The driving unit is arranged on a predetermined semiconductor chip,
5. The driving circuit according to claim 4, wherein said transformer is arranged outside said semiconductor chip.
The drive unit
a differential driver that supplies the differential signal;
2. The drive circuit of claim 1, further comprising a non-differential driver for supplying said non-differential signal.
7. The drive circuit according to claim 6, wherein the output terminal of said non-differential driver is connected to a node between either end of said first and second coils.
8. The drive circuit according to claim 7, wherein the output terminal of said non-differential driver is connected to said one end of either said first or second coil.
The driving unit is arranged on a predetermined semiconductor chip,
9. The drive circuit according to claim 8, wherein said transformer is arranged outside said semiconductor chip.
the plurality of coils includes first, second and third coils that are magnetically coupled;
The drive unit supplies the differential signal to one end of the first coil, one end of the second coil, and one end of the third coil,
2. The drive circuit according to claim 1, wherein when a common-mode current is caused to flow into said one end of each of said second and third coils, the magnetic fluxes generated by said second and third coils weaken each other.
further comprising a receiving unit that receives differential signals via the first and second signal lines;
The drive unit has first and second output terminals,
the one end of the first coil is connected to the first output terminal and the other end is connected to the first signal line;
2. The drive circuit according to claim 1, wherein said one end of said second coil is connected to said second output terminal, and the other end is connected to said second signal line.

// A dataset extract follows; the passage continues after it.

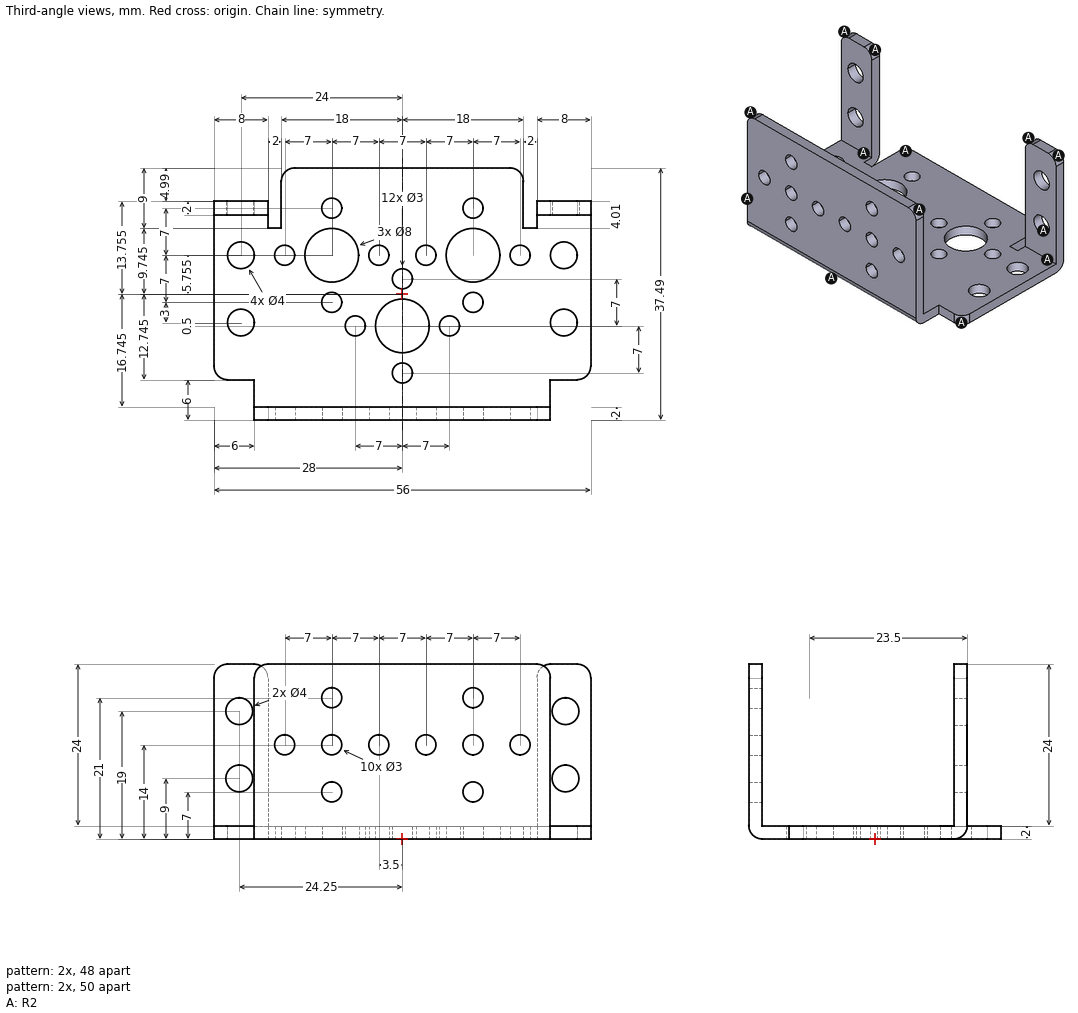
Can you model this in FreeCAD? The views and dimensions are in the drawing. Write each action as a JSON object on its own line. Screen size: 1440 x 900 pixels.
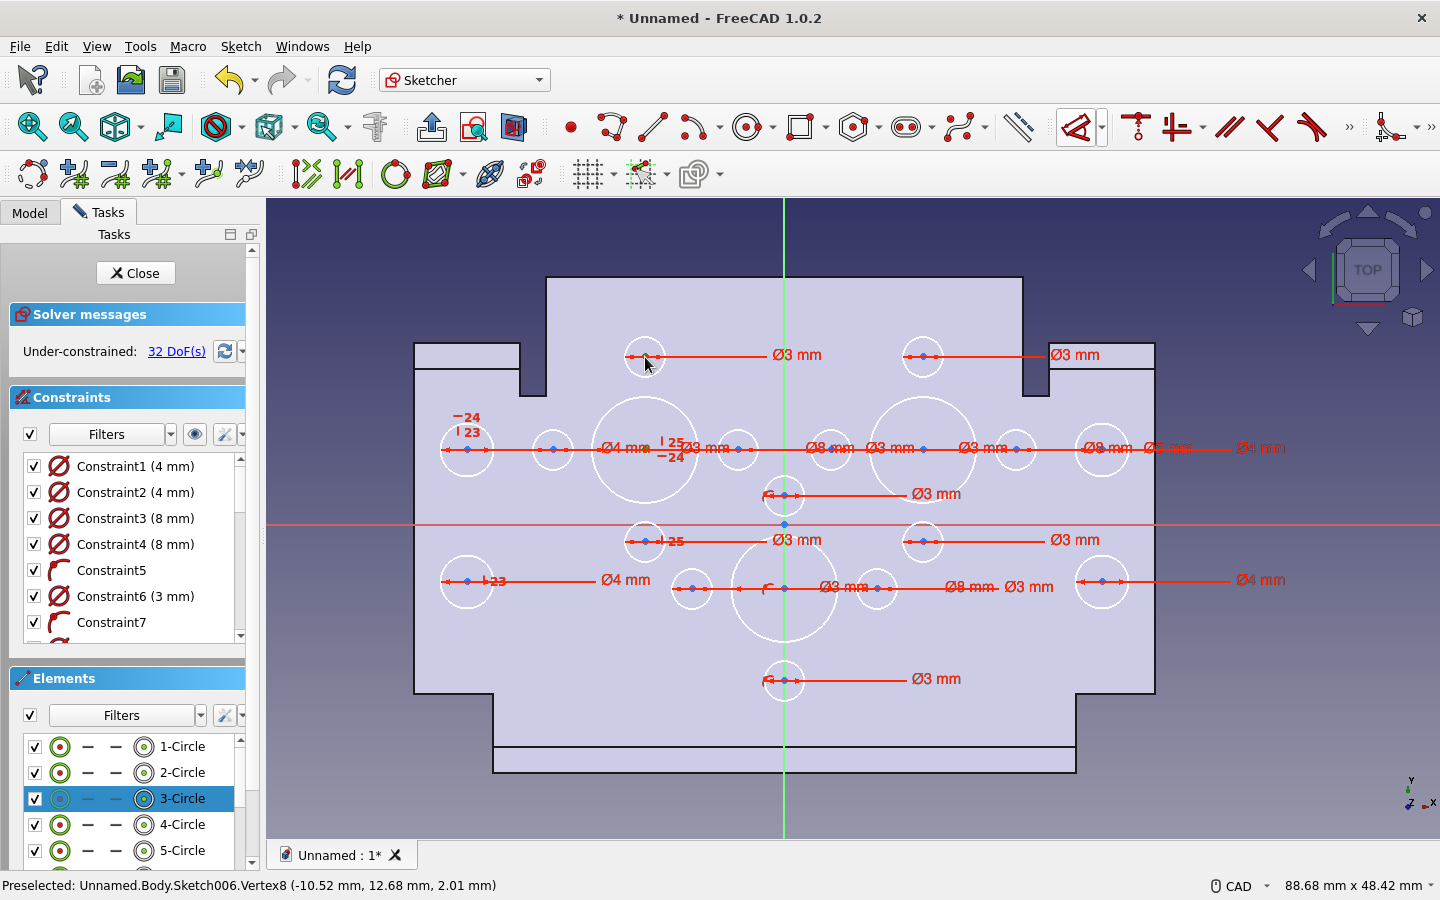
{"action": "key", "text": "v"}

the first and second coils share a predetermined winding axis;
When viewed from the direction of the winding axis, the winding direction about the winding axis from one end connected to the output terminal of the wiring of the first coil to the other end connected to the signal line is 2. The drive circuit according to claim 1, wherein the winding direction about the winding axis from one end connected to the output terminal of the wiring of the second coil to the other end connected to the signal line is opposite to the winding direction.

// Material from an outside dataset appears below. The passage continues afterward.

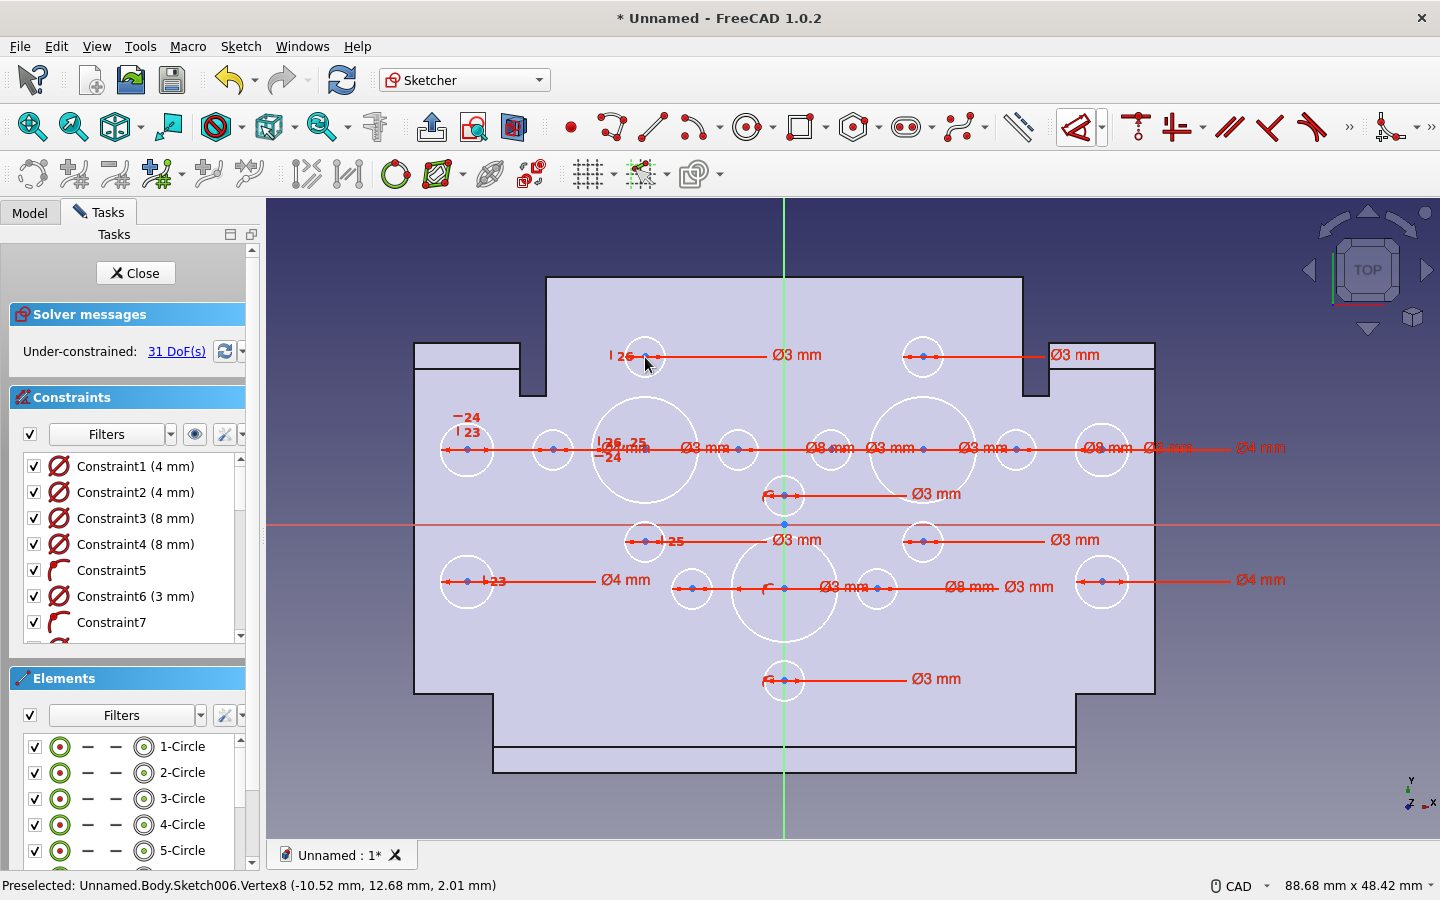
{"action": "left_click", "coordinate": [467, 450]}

a transformer provided with a plurality of magnetically coupled coils;
a driving unit that supplies either a non-differential signal or a differential signal to the transformer according to a predetermined control signal;
a logic circuit that designates either the non-differential signal or the differential signal according to the control signal and supplies the signal to the drive unit;
the plurality of coils includes first and second coils that are magnetically coupled;
The drive unit is connected to one end of the first coil and one end of the second coil,
A solid-state imaging device in which magnetic fluxes generated by the first and second coils weaken each other when a common-mode current is caused to flow into the one end of each of the first and second coils.